Updated: Mar 3, 2022
Individuals who experience confusing, inconsistent or impaired limits may develop one or more of these two schemas: entitlement, and insufficient self-control.
We all may occasionally feel that we lack self-discipline in achieving our goals or doing what is good for us. If you have developed the insufficient self-control schema, you may experience a pervasive difficulty to control your frustrations, behaviours or impulses. This can be linked to guilt, shame, but also a sense of laziness and incompetence.
When activated, this schema may understandably trigger avoidance of discomfort, expressed in lack of motivation to initiate tasks or deal with challenges, or at extremes, acting upon impulses in ways that are destructive to ourselves, including drugs, alcohol, sex, gambling, or crime. The true need behind this schema is establishing effective distress tolerance, emotion regulation, and confidence in our own capabilities.

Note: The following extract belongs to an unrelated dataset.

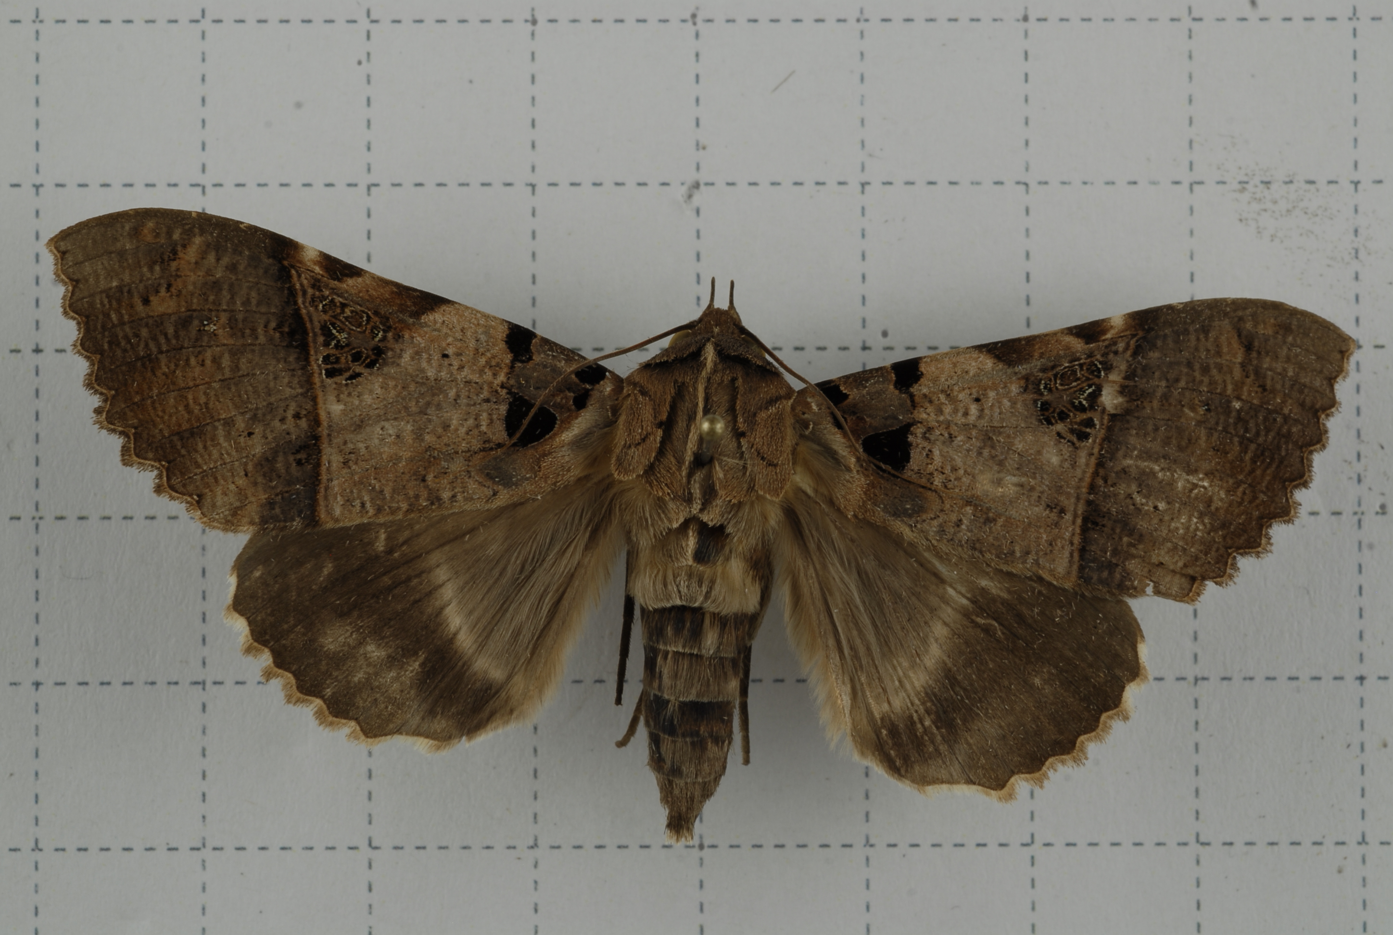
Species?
Serrodes campana

Here are some questions to think about if you are considering whether the insufficient self-control schema resonates with you:
Do you find it difficult to not act on your impulses once they have arisen?
Do you struggle with small goals that you set yourself?
Do you get frustrated easily if you cannot achieve a goal quickly?
Do you get impulsive emotions and then engage in behaviours that damage your relationships at home or work?
Do you struggle to work toward resolutions you have set yourself?
Do you struggle to force yourself to complete mundane but required tasks?
Has your impulsivity gotten you into trouble with friends, family, work, society or the law?
If you generally answer no to most these questions, you are unlikely to have developed the insufficient self-control schema. Please note that individuals with a high achievement drive consider themselves to have insufficient self-control as it does not meet their high standards.
This schema is more about giving in to impulsivity in ways that have negative effects on relationships and functioning, rather than missing a gym session or being behind on our to-do lists. If you think the insufficient self-control schema applies to you, start observing how it manifests in your daily life. Recognition is key to changing patterns that stop you from achieving your goals.